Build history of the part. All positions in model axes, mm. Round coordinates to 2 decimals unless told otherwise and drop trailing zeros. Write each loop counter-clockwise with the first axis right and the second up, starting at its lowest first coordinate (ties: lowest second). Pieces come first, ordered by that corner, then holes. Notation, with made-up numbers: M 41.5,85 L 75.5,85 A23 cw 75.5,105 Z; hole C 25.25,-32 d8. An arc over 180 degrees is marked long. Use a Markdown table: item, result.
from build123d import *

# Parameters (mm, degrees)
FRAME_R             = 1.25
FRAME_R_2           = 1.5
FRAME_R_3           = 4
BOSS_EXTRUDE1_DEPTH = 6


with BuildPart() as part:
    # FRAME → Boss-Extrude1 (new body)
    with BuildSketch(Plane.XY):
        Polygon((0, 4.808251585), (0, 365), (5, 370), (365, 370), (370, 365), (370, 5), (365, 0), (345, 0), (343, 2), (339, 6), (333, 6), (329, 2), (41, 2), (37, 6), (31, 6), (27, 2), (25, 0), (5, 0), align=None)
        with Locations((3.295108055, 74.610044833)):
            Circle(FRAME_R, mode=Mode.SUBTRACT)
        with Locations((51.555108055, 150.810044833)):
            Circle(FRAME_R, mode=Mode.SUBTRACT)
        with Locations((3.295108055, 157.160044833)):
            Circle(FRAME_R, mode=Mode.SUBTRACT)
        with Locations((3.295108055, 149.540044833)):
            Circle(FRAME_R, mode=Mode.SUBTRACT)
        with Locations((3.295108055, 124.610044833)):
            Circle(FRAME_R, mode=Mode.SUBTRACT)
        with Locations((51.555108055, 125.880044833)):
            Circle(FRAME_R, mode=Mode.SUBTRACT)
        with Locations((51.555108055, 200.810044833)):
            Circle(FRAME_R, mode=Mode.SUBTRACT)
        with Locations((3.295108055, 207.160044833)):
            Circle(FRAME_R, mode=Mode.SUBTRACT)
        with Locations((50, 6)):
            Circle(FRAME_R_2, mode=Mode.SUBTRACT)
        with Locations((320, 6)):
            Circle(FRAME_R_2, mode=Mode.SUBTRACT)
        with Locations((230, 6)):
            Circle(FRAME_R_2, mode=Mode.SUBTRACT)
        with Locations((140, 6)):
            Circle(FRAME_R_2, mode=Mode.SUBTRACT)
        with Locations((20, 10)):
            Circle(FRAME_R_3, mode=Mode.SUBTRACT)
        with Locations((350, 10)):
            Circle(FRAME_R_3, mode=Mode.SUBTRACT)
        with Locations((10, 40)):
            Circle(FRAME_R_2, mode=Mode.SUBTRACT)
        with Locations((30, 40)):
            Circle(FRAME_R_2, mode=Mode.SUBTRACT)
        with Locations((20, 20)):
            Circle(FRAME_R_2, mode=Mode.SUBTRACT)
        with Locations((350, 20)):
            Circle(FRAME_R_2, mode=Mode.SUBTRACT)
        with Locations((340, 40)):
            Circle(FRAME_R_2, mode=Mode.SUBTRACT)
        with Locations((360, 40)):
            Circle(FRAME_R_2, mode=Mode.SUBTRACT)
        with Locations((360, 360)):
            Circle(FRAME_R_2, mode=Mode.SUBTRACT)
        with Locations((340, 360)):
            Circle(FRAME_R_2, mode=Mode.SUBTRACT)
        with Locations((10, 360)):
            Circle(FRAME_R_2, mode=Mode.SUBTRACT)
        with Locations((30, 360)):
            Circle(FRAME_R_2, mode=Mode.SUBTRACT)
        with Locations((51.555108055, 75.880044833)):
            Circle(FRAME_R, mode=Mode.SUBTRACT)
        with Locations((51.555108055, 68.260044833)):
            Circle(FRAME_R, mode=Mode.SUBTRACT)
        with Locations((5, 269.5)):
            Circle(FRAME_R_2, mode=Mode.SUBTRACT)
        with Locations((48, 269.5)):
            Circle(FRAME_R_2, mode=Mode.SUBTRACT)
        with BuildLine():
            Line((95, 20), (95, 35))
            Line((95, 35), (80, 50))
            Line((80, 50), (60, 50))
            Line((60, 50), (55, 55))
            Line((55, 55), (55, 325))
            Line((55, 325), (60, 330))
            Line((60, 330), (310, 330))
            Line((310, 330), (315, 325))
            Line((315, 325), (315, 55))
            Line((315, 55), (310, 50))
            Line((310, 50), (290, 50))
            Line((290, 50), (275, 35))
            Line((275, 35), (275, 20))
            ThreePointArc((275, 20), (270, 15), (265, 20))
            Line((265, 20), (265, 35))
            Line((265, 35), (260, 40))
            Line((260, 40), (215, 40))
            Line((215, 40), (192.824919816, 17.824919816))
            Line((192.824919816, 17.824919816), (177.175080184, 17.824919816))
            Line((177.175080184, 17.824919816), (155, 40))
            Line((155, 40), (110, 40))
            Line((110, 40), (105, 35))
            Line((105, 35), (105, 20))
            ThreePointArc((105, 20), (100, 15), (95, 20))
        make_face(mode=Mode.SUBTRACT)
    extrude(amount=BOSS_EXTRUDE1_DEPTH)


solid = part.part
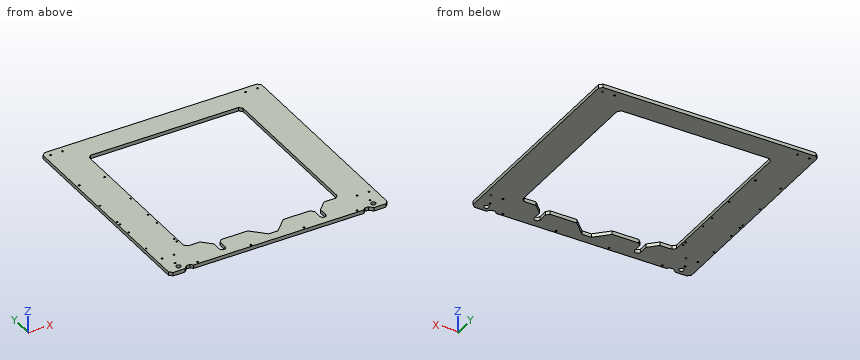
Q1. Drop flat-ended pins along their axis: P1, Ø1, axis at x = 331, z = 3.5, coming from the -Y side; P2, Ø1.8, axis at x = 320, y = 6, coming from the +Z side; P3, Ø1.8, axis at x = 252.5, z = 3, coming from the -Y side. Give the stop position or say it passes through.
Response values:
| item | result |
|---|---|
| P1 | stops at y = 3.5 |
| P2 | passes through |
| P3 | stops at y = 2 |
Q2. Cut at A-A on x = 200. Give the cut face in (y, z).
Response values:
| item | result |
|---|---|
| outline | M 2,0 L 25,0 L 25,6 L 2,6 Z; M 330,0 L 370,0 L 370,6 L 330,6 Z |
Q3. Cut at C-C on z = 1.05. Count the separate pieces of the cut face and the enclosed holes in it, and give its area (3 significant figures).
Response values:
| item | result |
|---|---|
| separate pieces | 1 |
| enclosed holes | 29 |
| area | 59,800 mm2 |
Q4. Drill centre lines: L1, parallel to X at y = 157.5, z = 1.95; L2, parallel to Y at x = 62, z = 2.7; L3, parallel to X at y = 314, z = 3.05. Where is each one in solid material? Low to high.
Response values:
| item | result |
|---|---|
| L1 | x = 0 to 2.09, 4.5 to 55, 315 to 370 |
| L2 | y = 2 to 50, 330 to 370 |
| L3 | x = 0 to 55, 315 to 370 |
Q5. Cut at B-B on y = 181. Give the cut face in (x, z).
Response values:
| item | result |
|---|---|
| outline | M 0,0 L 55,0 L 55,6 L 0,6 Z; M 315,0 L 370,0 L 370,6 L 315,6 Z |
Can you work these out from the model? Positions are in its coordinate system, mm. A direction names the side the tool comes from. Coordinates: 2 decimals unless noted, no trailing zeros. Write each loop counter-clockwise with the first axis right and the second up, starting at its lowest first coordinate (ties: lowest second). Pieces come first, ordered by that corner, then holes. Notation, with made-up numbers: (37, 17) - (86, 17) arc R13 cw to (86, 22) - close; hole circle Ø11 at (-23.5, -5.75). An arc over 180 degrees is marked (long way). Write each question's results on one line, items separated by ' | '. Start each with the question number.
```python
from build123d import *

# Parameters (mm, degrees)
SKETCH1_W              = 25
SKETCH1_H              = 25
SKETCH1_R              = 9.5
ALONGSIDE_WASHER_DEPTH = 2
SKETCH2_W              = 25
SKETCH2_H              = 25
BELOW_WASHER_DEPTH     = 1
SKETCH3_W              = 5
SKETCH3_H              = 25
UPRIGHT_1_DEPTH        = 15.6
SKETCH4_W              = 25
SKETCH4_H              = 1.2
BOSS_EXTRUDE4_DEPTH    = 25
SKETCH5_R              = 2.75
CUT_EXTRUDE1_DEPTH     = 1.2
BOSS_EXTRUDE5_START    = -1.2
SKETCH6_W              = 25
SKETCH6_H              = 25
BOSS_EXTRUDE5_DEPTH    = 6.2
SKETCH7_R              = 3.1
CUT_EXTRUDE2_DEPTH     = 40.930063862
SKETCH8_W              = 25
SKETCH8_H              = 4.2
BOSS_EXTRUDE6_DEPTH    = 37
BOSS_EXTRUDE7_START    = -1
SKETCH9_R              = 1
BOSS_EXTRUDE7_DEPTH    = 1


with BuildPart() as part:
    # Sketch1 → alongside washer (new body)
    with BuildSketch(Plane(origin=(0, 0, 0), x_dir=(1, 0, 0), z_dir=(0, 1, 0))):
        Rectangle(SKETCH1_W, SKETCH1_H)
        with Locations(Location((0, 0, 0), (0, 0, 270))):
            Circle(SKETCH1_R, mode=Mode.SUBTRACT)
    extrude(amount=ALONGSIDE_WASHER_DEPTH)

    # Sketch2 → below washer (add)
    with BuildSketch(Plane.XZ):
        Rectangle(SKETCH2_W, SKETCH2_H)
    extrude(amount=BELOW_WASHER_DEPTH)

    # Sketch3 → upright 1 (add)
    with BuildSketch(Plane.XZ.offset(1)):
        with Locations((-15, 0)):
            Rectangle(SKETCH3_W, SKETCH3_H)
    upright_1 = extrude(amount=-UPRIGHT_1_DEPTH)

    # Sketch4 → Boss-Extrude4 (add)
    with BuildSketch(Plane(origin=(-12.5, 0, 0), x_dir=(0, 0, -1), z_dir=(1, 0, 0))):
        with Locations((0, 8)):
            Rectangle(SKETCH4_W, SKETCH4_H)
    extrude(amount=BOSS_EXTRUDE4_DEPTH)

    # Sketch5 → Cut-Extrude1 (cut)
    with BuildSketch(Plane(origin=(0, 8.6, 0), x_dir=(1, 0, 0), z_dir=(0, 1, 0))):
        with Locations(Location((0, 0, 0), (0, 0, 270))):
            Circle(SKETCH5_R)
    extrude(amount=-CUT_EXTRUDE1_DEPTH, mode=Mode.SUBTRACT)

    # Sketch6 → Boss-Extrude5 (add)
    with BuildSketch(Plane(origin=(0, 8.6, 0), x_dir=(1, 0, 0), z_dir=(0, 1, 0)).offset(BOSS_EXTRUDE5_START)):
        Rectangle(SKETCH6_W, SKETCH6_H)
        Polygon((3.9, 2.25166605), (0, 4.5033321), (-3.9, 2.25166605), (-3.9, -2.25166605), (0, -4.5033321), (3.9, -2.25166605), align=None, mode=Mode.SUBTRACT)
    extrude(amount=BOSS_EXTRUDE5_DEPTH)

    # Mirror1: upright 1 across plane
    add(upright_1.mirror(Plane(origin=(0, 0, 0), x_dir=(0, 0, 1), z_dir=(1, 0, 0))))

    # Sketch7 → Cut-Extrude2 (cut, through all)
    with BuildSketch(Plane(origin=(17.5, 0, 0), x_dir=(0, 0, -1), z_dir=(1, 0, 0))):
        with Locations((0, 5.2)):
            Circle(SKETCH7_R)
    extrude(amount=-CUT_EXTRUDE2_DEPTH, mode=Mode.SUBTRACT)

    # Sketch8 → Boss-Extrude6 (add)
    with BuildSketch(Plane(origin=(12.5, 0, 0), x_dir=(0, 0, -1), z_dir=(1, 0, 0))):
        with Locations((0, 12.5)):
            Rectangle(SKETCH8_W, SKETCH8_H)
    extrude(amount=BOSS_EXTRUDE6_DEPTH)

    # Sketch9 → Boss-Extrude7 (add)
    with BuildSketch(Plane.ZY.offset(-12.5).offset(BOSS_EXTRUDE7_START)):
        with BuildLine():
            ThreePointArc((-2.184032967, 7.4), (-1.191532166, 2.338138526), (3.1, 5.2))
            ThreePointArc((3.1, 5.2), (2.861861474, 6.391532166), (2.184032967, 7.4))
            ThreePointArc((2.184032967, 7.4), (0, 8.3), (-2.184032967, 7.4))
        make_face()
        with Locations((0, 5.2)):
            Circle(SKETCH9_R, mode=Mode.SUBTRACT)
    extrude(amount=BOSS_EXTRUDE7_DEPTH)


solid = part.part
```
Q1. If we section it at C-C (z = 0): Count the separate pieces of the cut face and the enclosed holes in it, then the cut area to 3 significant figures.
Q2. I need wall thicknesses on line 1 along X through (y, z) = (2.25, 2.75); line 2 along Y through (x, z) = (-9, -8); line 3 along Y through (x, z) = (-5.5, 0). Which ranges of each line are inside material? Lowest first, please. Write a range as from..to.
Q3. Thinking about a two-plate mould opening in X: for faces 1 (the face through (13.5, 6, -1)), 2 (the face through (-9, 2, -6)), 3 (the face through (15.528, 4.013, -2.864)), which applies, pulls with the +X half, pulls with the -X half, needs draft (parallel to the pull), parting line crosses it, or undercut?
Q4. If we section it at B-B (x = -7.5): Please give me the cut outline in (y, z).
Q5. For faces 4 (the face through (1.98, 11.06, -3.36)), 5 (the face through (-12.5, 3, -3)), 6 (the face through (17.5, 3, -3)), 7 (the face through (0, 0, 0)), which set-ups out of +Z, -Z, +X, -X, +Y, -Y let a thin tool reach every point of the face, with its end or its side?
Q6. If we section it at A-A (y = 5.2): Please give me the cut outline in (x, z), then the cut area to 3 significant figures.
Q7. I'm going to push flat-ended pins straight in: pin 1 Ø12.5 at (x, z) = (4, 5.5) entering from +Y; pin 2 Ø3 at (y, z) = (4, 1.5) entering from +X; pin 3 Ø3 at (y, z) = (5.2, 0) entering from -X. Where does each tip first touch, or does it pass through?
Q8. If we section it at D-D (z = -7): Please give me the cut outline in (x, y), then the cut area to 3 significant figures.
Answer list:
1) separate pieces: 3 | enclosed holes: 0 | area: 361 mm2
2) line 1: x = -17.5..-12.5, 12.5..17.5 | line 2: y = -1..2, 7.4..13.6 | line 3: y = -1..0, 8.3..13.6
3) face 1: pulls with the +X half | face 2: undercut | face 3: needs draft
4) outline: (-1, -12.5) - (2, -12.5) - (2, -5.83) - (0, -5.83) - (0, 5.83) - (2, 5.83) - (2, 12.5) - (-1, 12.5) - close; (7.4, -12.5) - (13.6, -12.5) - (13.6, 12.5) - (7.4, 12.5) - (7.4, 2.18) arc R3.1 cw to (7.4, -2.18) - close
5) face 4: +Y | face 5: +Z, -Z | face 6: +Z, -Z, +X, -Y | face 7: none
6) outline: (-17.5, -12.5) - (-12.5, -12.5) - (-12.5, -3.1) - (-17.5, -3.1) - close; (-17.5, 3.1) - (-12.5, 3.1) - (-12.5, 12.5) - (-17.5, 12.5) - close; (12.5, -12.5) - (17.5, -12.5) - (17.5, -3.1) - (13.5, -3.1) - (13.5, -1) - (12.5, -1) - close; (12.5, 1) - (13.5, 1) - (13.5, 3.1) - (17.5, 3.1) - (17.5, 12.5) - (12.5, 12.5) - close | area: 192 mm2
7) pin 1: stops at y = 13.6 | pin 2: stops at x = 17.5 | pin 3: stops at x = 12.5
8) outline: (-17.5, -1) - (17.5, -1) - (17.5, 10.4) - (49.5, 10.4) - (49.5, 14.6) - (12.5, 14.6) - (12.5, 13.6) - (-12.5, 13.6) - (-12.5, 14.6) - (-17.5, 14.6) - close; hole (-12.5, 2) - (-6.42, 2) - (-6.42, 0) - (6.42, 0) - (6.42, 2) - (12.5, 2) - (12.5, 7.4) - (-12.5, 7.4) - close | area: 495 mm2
_ _ _ _ _ _ _
**PROBLEM REQUIREMENTS**
The lines to set down run from the line with "Line((315, 55), (310, 50))" up to and including the line with "0 to 55, 315 to 370 |" in the entries above. Reproduce them exactly, with no pictures.

**WRITTEN SOLUTION**
            Line((315, 55), (310, 50))
            Line((310, 50), (290, 50))
            Line((290, 50), (275, 35))
            Line((275, 35), (275, 20))
            ThreePointArc((275, 20), (270, 15), (265, 20))
            Line((265, 20), (265, 35))
            Line((265, 35), (260, 40))
            Line((260, 40), (215, 40))
            Line((215, 40), (192.824919816, 17.824919816))
            Line((192.824919816, 17.824919816), (177.175080184, 17.824919816))
            Line((177.175080184, 17.824919816), (155, 40))
            Line((155, 40), (110, 40))
            Line((110, 40), (105, 35))
            Line((105, 35), (105, 20))
            ThreePointArc((105, 20), (100, 15), (95, 20))
        make_face(mode=Mode.SUBTRACT)
    extrude(amount=BOSS_EXTRUDE1_DEPTH)


solid = part.part
Q1. Drop flat-ended pins along their axis: P1, Ø1, axis at x = 331, z = 3.5, coming from the -Y side; P2, Ø1.8, axis at x = 320, y = 6, coming from the +Z side; P3, Ø1.8, axis at x = 252.5, z = 3, coming from the -Y side. Give the stop position or say it passes through.
Response values:
| item | result |
|---|---|
| P1 | stops at y = 3.5 |
| P2 | passes through |
| P3 | stops at y = 2 |
Q2. Cut at A-A on x = 200. Give the cut face in (y, z).
Response values:
| item | result |
|---|---|
| outline | M 2,0 L 25,0 L 25,6 L 2,6 Z; M 330,0 L 370,0 L 370,6 L 330,6 Z |
Q3. Cut at C-C on z = 1.05. Count the separate pieces of the cut face and the enclosed holes in it, and give its area (3 significant figures).
Response values:
| item | result |
|---|---|
| separate pieces | 1 |
| enclosed holes | 29 |
| area | 59,800 mm2 |
Q4. Drill centre lines: L1, parallel to X at y = 157.5, z = 1.95; L2, parallel to Y at x = 62, z = 2.7; L3, parallel to X at y = 314, z = 3.05. Where is each one in solid material? Low to high.
Response values:
| item | result |
|---|---|
| L1 | x = 0 to 2.09, 4.5 to 55, 315 to 370 |
| L2 | y = 2 to 50, 330 to 370 |
| L3 | x = 0 to 55, 315 to 370 |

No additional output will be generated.